Member of the Chamber of Deputies
- In office 15 May 1973 – 11 September 1973
- Succeeded by: 1973 coup d'etat
- Constituency: 25th Departamental Group
- In office 15 May 1965 – 15 May 1969

Personal details
- Born: 21 May 1915 La Unión, Chile
- Died: 20 November 1997 (aged 82) Santiago, Chile
- Political party: Christian Democratic Party
- Spouse: Irma King
- Alma mater: University of Chile
- Occupation: Politician
- Profession: Surgeon

= José Félix Garay =

Chilean politician (1915–1997)

José Félix Garay Figueroa (21 May 1910 – 20 November 1997) was a Chilean surgeon and politician, member of the Christian Democratic Party (PDC).

==Biography==
He was born in La Unión on 21 May 1910, the son of Miguel Ángel Garay Burr and Lidia Figueroa Bielefelt. He died on 20 November 1997 in Santiago.

Married to Irma King Grassau, he had a daughter named María Consuelo Garay King.

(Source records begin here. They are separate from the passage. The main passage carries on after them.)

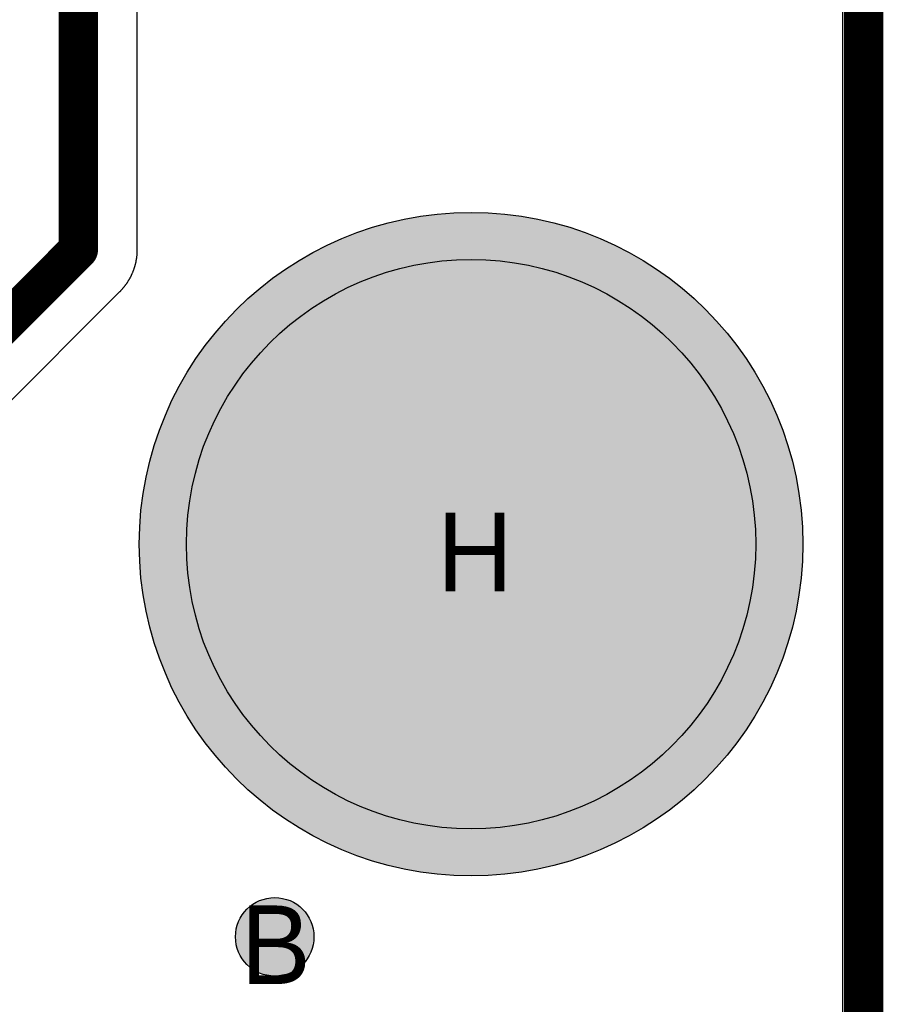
# Model space of a CAD drawing. Header units: millimetres. Extents: x -1.5 to 11.1, y -3 to 5.
# Tile 122 of 256: x 0.985 to 1.205, y 1.633 to 1.884. Entities that reach past the tile are written whole.
import ezdxf

# ---------------------------------------------------------------- set-up
doc = ezdxf.new("R2010")
doc.units = ezdxf.units.MM
doc.header["$MEASUREMENT"] = 0
for name, color, linetype, true_color in [('BottomLayer', 5, 'Continuous', 0x0000ff), ('BottomSolder', 6, 'Continuous', 0xff00ff), ('DrillDrawing', 1, 'Continuous', 0xff0000), ('Metal_2', 7, 'Continuous', 0x7f0000), ('Metal_3', 7, 'Continuous', 0x3f7f00), ('Profile', 6, 'Continuous', 0xff00ff), ('TopLayer', 1, 'Continuous', 0xff0000), ('TopSolder', 7, 'Continuous', 0x7f007f)]:
    doc.layers.add(name, color=color, linetype=linetype, true_color=true_color)
doc.styles.add('textstyle437', font='txt')
doc.styles.add('textstyle732', font='txt')

# ---------------------------------------------------------------- blocks, each defined once
blk = doc.blocks.new('H_________F___23')
at = {"layer": 'BottomLayer', "true_color": 0x0000ff}
h = blk.add_hatch(color=5, dxfattribs=at)
edge = h.paths.add_edge_path(flags=0)
edge.add_arc((0.5, 0.5), 0.0725, 0, 360)
at = {"layer": 'BottomSolder', "true_color": 0xff00ff}
h = blk.add_hatch(color=6, dxfattribs=at)
edge = h.paths.add_edge_path(flags=0)
edge.add_arc((0.5, 0.5), 0.0845, 0, 360)
at = {"layer": 'Metal_2', "true_color": 0x7f0000}
h = blk.add_hatch(color=16, dxfattribs=at)
edge = h.paths.add_edge_path(flags=0)
edge.add_arc((0.5, 0.5), 0.0725, 0, 360)
at = {"layer": 'Metal_3', "true_color": 0x3f7f00}
h = blk.add_hatch(color=76, dxfattribs=at)
edge = h.paths.add_edge_path(flags=0)
edge.add_arc((0.5, 0.5), 0.0725, 0, 360)
at = {"layer": 'TopLayer', "true_color": 0xff0000}
h = blk.add_hatch(color=1, dxfattribs=at)
edge = h.paths.add_edge_path(flags=0)
edge.add_arc((0.5, 0.5), 0.0725, 0, 360)
at = {"layer": 'TopSolder', "true_color": 0x7f007f}
h = blk.add_hatch(color=216, dxfattribs=at)
edge = h.paths.add_edge_path(flags=0)
edge.add_arc((0.5, 0.5), 0.0845, 0, 360)
at = {"layer": 'BottomLayer', "color": 5, "true_color": 0x0000ff}
blk.add_circle((0.5, 0.5), 0.0725, dxfattribs=at)
at = {"layer": 'BottomSolder', "color": 6, "true_color": 0xff00ff}
blk.add_circle((0.5, 0.5), 0.0845, dxfattribs=at)
at = {"layer": 'Metal_2', "color": 16, "true_color": 0x7f0000}
blk.add_circle((0.5, 0.5), 0.0725, dxfattribs=at)
at = {"layer": 'Metal_3', "color": 76, "true_color": 0x3f7f00}
blk.add_circle((0.5, 0.5), 0.0725, dxfattribs=at)
at = {"layer": 'TopLayer', "color": 1, "true_color": 0xff0000}
blk.add_circle((0.5, 0.5), 0.0725, dxfattribs=at)
at = {"layer": 'TopSolder', "color": 216, "true_color": 0x7f007f}
blk.add_circle((0.5, 0.5), 0.0845, dxfattribs=at)

msp = doc.modelspace()

# ---------------------------------------------------------------- hatches: boundary and pattern name
at = {"layer": 'BottomLayer', "true_color": 0x0000ff}
h = msp.add_hatch(color=5, dxfattribs=at)
edge = h.paths.add_edge_path(flags=0)
edge.add_arc((1.05, 1.65), 0.01, 0, 360)
at = {"layer": 'Metal_2', "true_color": 0x7f0000}
h = msp.add_hatch(color=16, dxfattribs=at)
edge = h.paths.add_edge_path(flags=0)
edge.add_arc((1.05, 1.65), 0.01, 0, 360)
at = {"layer": 'Metal_3', "true_color": 0x3f7f00}
h = msp.add_hatch(color=76, dxfattribs=at)
edge = h.paths.add_edge_path(flags=0)
edge.add_arc((1.05, 1.65), 0.01, 0, 360)
at = {"layer": 'TopLayer', "true_color": 0xff0000}
h = msp.add_hatch(color=1, dxfattribs=at)
edge = h.paths.add_edge_path(flags=0)
edge.add_arc((1.05, 1.65), 0.01, 0, 360)

# ---------------------------------------------------------------- linework, layer by layer
at = {"layer": 'BottomLayer'}
msp.add_line((1.19459, 2.85337), (1.19459, 0.61541), dxfattribs=at)
at = {"layer": 'BottomLayer', "color": 5, "true_color": 0x0000ff}
msp.add_circle((1.05, 1.65), 0.01, dxfattribs=at)
at = {"layer": 'BottomSolder'}
msp.add_line((1.19459, 2), (1.19459, 1.459), dxfattribs=at)
at = {"layer": 'Metal_2'}
msp.add_line((1.19459, 2.85337), (1.19459, 0.61541), dxfattribs=at)
at = {"layer": 'Metal_2', "color": 16, "true_color": 0x7f0000}
msp.add_circle((1.05, 1.65), 0.01, dxfattribs=at)
at = {"layer": 'Metal_3'}
for p, q in [((1.19459, 2.85337), (1.19459, 0.61541)), ((1.015, 1.825), (1.015, 2.06789)), ((1.01486, 1.82293), (1.01487, 1.82304)), ((1.01487, 1.82304), (1.01489, 1.82315)), ((1.01489, 1.82315), (1.0149, 1.82326)), ((1.0149, 1.82326), (1.01491, 1.82337)), ((1.01491, 1.82337), (1.01492, 1.82348)), ((1.01492, 1.82348), (1.01493, 1.82358)), ((1.01493, 1.82358), (1.01494, 1.82369)), ((1.01494, 1.82369), (1.01495, 1.8238)), ((1.01495, 1.8238), (1.01496, 1.82391)), ((1.01496, 1.82391), (1.01497, 1.82402)), ((1.01497, 1.82413), (1.01498, 1.82424)), ((1.01497, 1.82402), (1.01497, 1.82413)), ((1.01498, 1.82424), (1.01499, 1.82435)), ((1.01499, 1.82456), (1.015, 1.82467)), ((1.01499, 1.82445), (1.01499, 1.82456)), ((1.01499, 1.82435), (1.01499, 1.82445)), ((1.015, 1.82489), (1.015, 1.825)), ((1.015, 1.82478), (1.015, 1.82489)), ((1.015, 1.82467), (1.015, 1.82478)), ((1.01427, 1.82039), (1.01431, 1.82049)), ((1.01431, 1.82049), (1.01432, 1.82055)), ((1.01432, 1.82055), (1.01434, 1.82059)), ((1.01434, 1.82059), (1.01437, 1.8207)), ((1.01437, 1.8207), (1.0144, 1.8208)), ((1.0144, 1.8208), (1.01443, 1.82091)), ((1.01443, 1.82091), (1.01446, 1.82101)), ((1.01446, 1.82101), (1.01449, 1.82112)), ((1.01449, 1.82112), (1.01452, 1.82122)), ((1.01452, 1.82122), (1.01454, 1.82133)), ((1.01454, 1.82133), (1.01457, 1.82143)), ((1.01457, 1.82143), (1.0146, 1.82154)), ((1.0146, 1.82154), (1.01462, 1.82165)), ((1.01462, 1.82165), (1.01464, 1.82175)), ((1.01464, 1.82175), (1.01467, 1.82186)), ((1.01467, 1.82186), (1.01469, 1.82197)), ((1.01469, 1.82197), (1.01471, 1.82207)), ((1.01471, 1.82207), (1.01473, 1.82218)), ((1.01473, 1.82218), (1.01475, 1.82229)), ((1.01475, 1.82229), (1.01477, 1.8224)), ((1.01477, 1.8224), (1.01479, 1.8225)), ((1.01479, 1.8225), (1.01481, 1.82261)), ((1.01481, 1.82261), (1.01483, 1.82272)), ((1.01483, 1.82272), (1.01484, 1.82283)), ((1.01484, 1.82283), (1.01486, 1.82293)), ((1.0132, 1.81788), (1.01325, 1.81798)), ((1.01325, 1.81798), (1.01331, 1.81807)), ((1.01331, 1.81807), (1.01336, 1.81817)), ((1.01336, 1.81817), (1.0134, 1.81827)), ((1.0134, 1.81827), (1.01345, 1.81837)), ((1.01345, 1.81837), (1.0135, 1.81846)), ((1.0135, 1.81846), (1.01355, 1.81856)), ((1.01355, 1.81856), (1.01359, 1.81866)), ((1.01359, 1.81866), (1.01364, 1.81876)), ((1.01364, 1.81876), (1.01369, 1.81886)), ((1.01369, 1.81886), (1.01373, 1.81896)), ((1.01373, 1.81896), (1.01377, 1.81906)), ((1.01377, 1.81906), (1.01382, 1.81916)), ((1.01382, 1.81916), (1.01386, 1.81926)), ((1.01386, 1.81926), (1.0139, 1.81936)), ((1.0139, 1.81936), (1.01394, 1.81946)), ((1.01394, 1.81946), (1.01398, 1.81956)), ((1.01398, 1.81956), (1.01402, 1.81967)), ((1.01402, 1.81967), (1.01406, 1.81977)), ((1.01406, 1.81977), (1.0141, 1.81987)), ((1.0141, 1.81987), (1.01413, 1.81997)), ((1.01413, 1.81997), (1.01417, 1.82008)), ((1.01417, 1.82008), (1.0142, 1.82018)), ((1.0142, 1.82018), (1.01424, 1.82028)), ((1.01424, 1.82028), (1.01427, 1.82039)), ((1.01156, 1.81544), (1.01163, 1.81553)), ((1.01163, 1.81553), (1.0117, 1.81561)), ((1.0117, 1.81561), (1.01177, 1.8157)), ((1.01177, 1.8157), (1.01183, 1.81578)), ((1.01183, 1.81578), (1.0119, 1.81587)), ((1.0119, 1.81587), (1.01197, 1.81596)), ((1.01197, 1.81596), (1.01203, 1.81604)), ((1.01203, 1.81604), (1.0121, 1.81613)), ((1.0121, 1.81613), (1.01216, 1.81622)), ((1.01216, 1.81622), (1.01222, 1.81631)), ((1.01222, 1.81631), (1.01229, 1.8164)), ((1.01229, 1.8164), (1.01235, 1.81649)), ((1.01235, 1.81649), (1.01241, 1.81658)), ((1.01241, 1.81658), (1.01247, 1.81667)), ((1.01247, 1.81667), (1.01253, 1.81676)), ((1.01253, 1.81676), (1.01259, 1.81685)), ((1.01259, 1.81685), (1.01265, 1.81694)), ((1.01265, 1.81694), (1.01271, 1.81703)), ((1.01271, 1.81703), (1.01277, 1.81713)), ((1.01277, 1.81713), (1.01282, 1.81722)), ((1.01282, 1.81722), (1.01288, 1.81731)), ((1.01288, 1.81731), (1.01294, 1.81741)), ((1.01294, 1.81741), (1.01299, 1.8175)), ((1.01299, 1.8175), (1.01304, 1.81759)), ((1.01304, 1.81759), (1.0131, 1.81769)), ((1.0131, 1.81769), (1.01315, 1.81778)), ((1.01315, 1.81778), (1.0132, 1.81788)), ((0.965, 1.76879), (1.01059, 1.81438)), ((1.01059, 1.81438), (1.01061, 1.81439)), ((1.01061, 1.81439), (1.01068, 1.81447)), ((1.01068, 1.81447), (1.01076, 1.81455)), ((1.01076, 1.81455), (1.01084, 1.81463)), ((1.01084, 1.81463), (1.01091, 1.81471)), ((1.01091, 1.81471), (1.01099, 1.81479)), ((1.01099, 1.81479), (1.01106, 1.81487)), ((1.01106, 1.81487), (1.01113, 1.81495)), ((1.01113, 1.81495), (1.01121, 1.81503)), ((1.01121, 1.81503), (1.01128, 1.81511)), ((1.01128, 1.81511), (1.01135, 1.81519)), ((1.01135, 1.81519), (1.01142, 1.81527)), ((1.01142, 1.81527), (1.01149, 1.81536)), ((1.01149, 1.81536), (1.01156, 1.81544))]:
    msp.add_line(p, q, dxfattribs=at)
for points in [[(1, 1.825, 0.01, 0.01, 0), (1, 2.925, 0.01, 0.01, 0)], [(0.95, 1.775, 0.01, 0.01, 0), (1, 1.825, 0.01, 0.01, 0)]]:
    msp.add_lwpolyline(points, format="xyseb", dxfattribs=at)
msp.add_lwpolyline([(0.9975, 1.825, 0.005, 0.005, 1), (1.0025, 1.825, 0.005, 0.005, 1)], format="xyseb", close=True, dxfattribs=at)
msp.add_lwpolyline([(0.9975, 1.825, 0.005, 0.005, 1), (1.0025, 1.825, 0.005, 0.005, 1)], format="xyseb", close=True, dxfattribs=at)
at = {"layer": 'Metal_3', "color": 76, "true_color": 0x3f7f00}
msp.add_circle((1.05, 1.65), 0.01, dxfattribs=at)
at = {"layer": 'Profile'}
msp.add_lwpolyline([(1.2, 0.61, 0.01, 0.01, 0), (1.2, 3.8, 0.01, 0.01, 0)], format="xyseb", dxfattribs=at)
at = {"layer": 'TopLayer'}
for p, q in [((1.19459, 2.85187), (1.19459, 1.25547)), ((1.015, 1.825), (1.015, 2.06571)), ((1.01486, 1.82293), (1.01487, 1.82304)), ((1.01487, 1.82304), (1.01489, 1.82315)), ((1.01489, 1.82315), (1.0149, 1.82326)), ((1.0149, 1.82326), (1.01491, 1.82337)), ((1.01491, 1.82337), (1.01492, 1.82348)), ((1.01492, 1.82348), (1.01493, 1.82358)), ((1.01493, 1.82358), (1.01494, 1.82369)), ((1.01494, 1.82369), (1.01495, 1.8238)), ((1.01495, 1.8238), (1.01496, 1.82391)), ((1.01496, 1.82391), (1.01497, 1.82402)), ((1.01497, 1.82413), (1.01498, 1.82424)), ((1.01497, 1.82402), (1.01497, 1.82413)), ((1.01498, 1.82424), (1.01499, 1.82435)), ((1.01499, 1.82456), (1.015, 1.82467)), ((1.01499, 1.82445), (1.01499, 1.82456)), ((1.01499, 1.82435), (1.01499, 1.82445)), ((1.015, 1.82489), (1.015, 1.825)), ((1.015, 1.82478), (1.015, 1.82489)), ((1.015, 1.82467), (1.015, 1.82478)), ((1.01427, 1.82039), (1.01431, 1.82049)), ((1.01431, 1.82049), (1.01432, 1.82055)), ((1.01432, 1.82055), (1.01434, 1.82059)), ((1.01434, 1.82059), (1.01437, 1.8207)), ((1.01437, 1.8207), (1.0144, 1.8208)), ((1.0144, 1.8208), (1.01443, 1.82091)), ((1.01443, 1.82091), (1.01446, 1.82101)), ((1.01446, 1.82101), (1.01449, 1.82112)), ((1.01449, 1.82112), (1.01452, 1.82122)), ((1.01452, 1.82122), (1.01454, 1.82133)), ((1.01454, 1.82133), (1.01457, 1.82143)), ((1.01457, 1.82143), (1.0146, 1.82154)), ((1.0146, 1.82154), (1.01462, 1.82165)), ((1.01462, 1.82165), (1.01464, 1.82175)), ((1.01464, 1.82175), (1.01467, 1.82186)), ((1.01467, 1.82186), (1.01469, 1.82197)), ((1.01469, 1.82197), (1.01471, 1.82207)), ((1.01471, 1.82207), (1.01473, 1.82218)), ((1.01473, 1.82218), (1.01475, 1.82229)), ((1.01475, 1.82229), (1.01477, 1.8224)), ((1.01477, 1.8224), (1.01479, 1.8225)), ((1.01479, 1.8225), (1.01481, 1.82261)), ((1.01481, 1.82261), (1.01483, 1.82272)), ((1.01483, 1.82272), (1.01484, 1.82283)), ((1.01484, 1.82283), (1.01486, 1.82293)), ((1.0132, 1.81788), (1.01325, 1.81798)), ((1.01325, 1.81798), (1.01331, 1.81807)), ((1.01331, 1.81807), (1.01336, 1.81817)), ((1.01336, 1.81817), (1.0134, 1.81827)), ((1.0134, 1.81827), (1.01345, 1.81837)), ((1.01345, 1.81837), (1.0135, 1.81846)), ((1.0135, 1.81846), (1.01355, 1.81856)), ((1.01355, 1.81856), (1.01359, 1.81866)), ((1.01359, 1.81866), (1.01364, 1.81876)), ((1.01364, 1.81876), (1.01369, 1.81886)), ((1.01369, 1.81886), (1.01373, 1.81896)), ((1.01373, 1.81896), (1.01377, 1.81906)), ((1.01377, 1.81906), (1.01382, 1.81916)), ((1.01382, 1.81916), (1.01386, 1.81926)), ((1.01386, 1.81926), (1.0139, 1.81936)), ((1.0139, 1.81936), (1.01394, 1.81946)), ((1.01394, 1.81946), (1.01398, 1.81956)), ((1.01398, 1.81956), (1.01402, 1.81967)), ((1.01402, 1.81967), (1.01406, 1.81977)), ((1.01406, 1.81977), (1.0141, 1.81987)), ((1.0141, 1.81987), (1.01413, 1.81997)), ((1.01413, 1.81997), (1.01417, 1.82008)), ((1.01417, 1.82008), (1.0142, 1.82018)), ((1.0142, 1.82018), (1.01424, 1.82028)), ((1.01424, 1.82028), (1.01427, 1.82039)), ((1.01156, 1.81544), (1.01163, 1.81553)), ((1.01163, 1.81553), (1.0117, 1.81561)), ((1.0117, 1.81561), (1.01177, 1.8157)), ((1.01177, 1.8157), (1.01183, 1.81578)), ((1.01183, 1.81578), (1.0119, 1.81587)), ((1.0119, 1.81587), (1.01197, 1.81596)), ((1.01197, 1.81596), (1.01203, 1.81604)), ((1.01203, 1.81604), (1.0121, 1.81613)), ((1.0121, 1.81613), (1.01216, 1.81622)), ((1.01216, 1.81622), (1.01222, 1.81631)), ((1.01222, 1.81631), (1.01229, 1.8164)), ((1.01229, 1.8164), (1.01235, 1.81649)), ((1.01235, 1.81649), (1.01241, 1.81658)), ((1.01241, 1.81658), (1.01247, 1.81667)), ((1.01247, 1.81667), (1.01253, 1.81676)), ((1.01253, 1.81676), (1.01259, 1.81685)), ((1.01259, 1.81685), (1.01265, 1.81694)), ((1.01265, 1.81694), (1.01271, 1.81703)), ((1.01271, 1.81703), (1.01277, 1.81713)), ((1.01277, 1.81713), (1.01282, 1.81722)), ((1.01282, 1.81722), (1.01288, 1.81731)), ((1.01288, 1.81731), (1.01294, 1.81741)), ((1.01294, 1.81741), (1.01299, 1.8175)), ((1.01299, 1.8175), (1.01304, 1.81759)), ((1.01304, 1.81759), (1.0131, 1.81769)), ((1.0131, 1.81769), (1.01315, 1.81778)), ((1.01315, 1.81778), (1.0132, 1.81788)), ((0.965, 1.76879), (1.01059, 1.81438)), ((1.01059, 1.81438), (1.01061, 1.81439)), ((1.01061, 1.81439), (1.01068, 1.81447)), ((1.01068, 1.81447), (1.01076, 1.81455)), ((1.01076, 1.81455), (1.01084, 1.81463)), ((1.01084, 1.81463), (1.01091, 1.81471)), ((1.01091, 1.81471), (1.01099, 1.81479)), ((1.01099, 1.81479), (1.01106, 1.81487)), ((1.01106, 1.81487), (1.01113, 1.81495)), ((1.01113, 1.81495), (1.01121, 1.81503)), ((1.01121, 1.81503), (1.01128, 1.81511)), ((1.01128, 1.81511), (1.01135, 1.81519)), ((1.01135, 1.81519), (1.01142, 1.81527)), ((1.01142, 1.81527), (1.01149, 1.81536)), ((1.01149, 1.81536), (1.01156, 1.81544))]:
    msp.add_line(p, q, dxfattribs=at)
for points in [[(1, 1.825, 0.01, 0.01, 0), (1, 2.925, 0.01, 0.01, 0)], [(0.95, 1.775, 0.01, 0.01, 0), (1, 1.825, 0.01, 0.01, 0)]]:
    msp.add_lwpolyline(points, format="xyseb", dxfattribs=at)
msp.add_lwpolyline([(0.9975, 1.825, 0.005, 0.005, 1), (1.0025, 1.825, 0.005, 0.005, 1)], format="xyseb", close=True, dxfattribs=at)
msp.add_lwpolyline([(0.9975, 1.825, 0.005, 0.005, 1), (1.0025, 1.825, 0.005, 0.005, 1)], format="xyseb", close=True, dxfattribs=at)
at = {"layer": 'TopLayer', "color": 1, "true_color": 0xff0000}
msp.add_circle((1.05, 1.65), 0.01, dxfattribs=at)

# ---------------------------------------------------------------- block references
msp.add_blockref('H_________F___23', (0.6, 1.25))

# ---------------------------------------------------------------- texts
at = {"layer": 'DrillDrawing'}
for s, style, p in [('H', 'textstyle732', (1.09134, 1.738)), ('B', 'textstyle437', (1.04134, 1.638))]:
    msp.add_text(s, height=0.02, dxfattribs=dict(at, style=style)).set_placement(p)

doc.saveas('drawing.dxf')

He completed his primary and secondary education at Colegio San Pedro Nolasco and the Liceo de Aplicación. After finishing school, he entered the University of Chile, where he graduated as a surgeon in 1936. On 15 December 1957, he obtained his specialization in Public Health.

==Political career==
In 1932 he co-founded the Social League of Chile, and the following year contributed to the foundation of the Popular Corporative Party. Finally, in 1957 he participated in the creation of the Christian Democratic Party, where he remained until his death. Within this party, he served as national councilor between 1964 and 1965.

In the 1965 parliamentary elections, he was elected Deputy for the 25th Departmental Grouping, comprising Ancud, Castro, Quinchao and Palena. He served on the Committees of Medical-Social Assistance and Hygiene; Internal Government; Economy and Commerce; Finance; Agriculture and Colonization; and Roads and Public Works. He was also a member of the Special Committee on Sports (1965); on combating alcoholism (1965 and 1967); on the economic development of the provinces of Chiloé, Aysén and Magallanes (1965–1966); and the Special Investigative Committee on Football (1967–1968). In the 1969 parliamentary elections, he ran for Senator for the 10th Provincial Constituency of Chiloé, Aysén and Magallanes, but was not elected. He was the one who proposed building a bridge over the Chacao Channel to connect the Isla Grande de Chiloé with the mainland.

In the 1973 parliamentary elections, he finally was elected Deputy for the 25th Departmental Group. He joined the Committees on National Defense; Physical Education and Sports; and Latin American Integration. His legislative work was interrupted by the coup d’état of 11 September 1973 and the subsequent dissolution of the National Congress.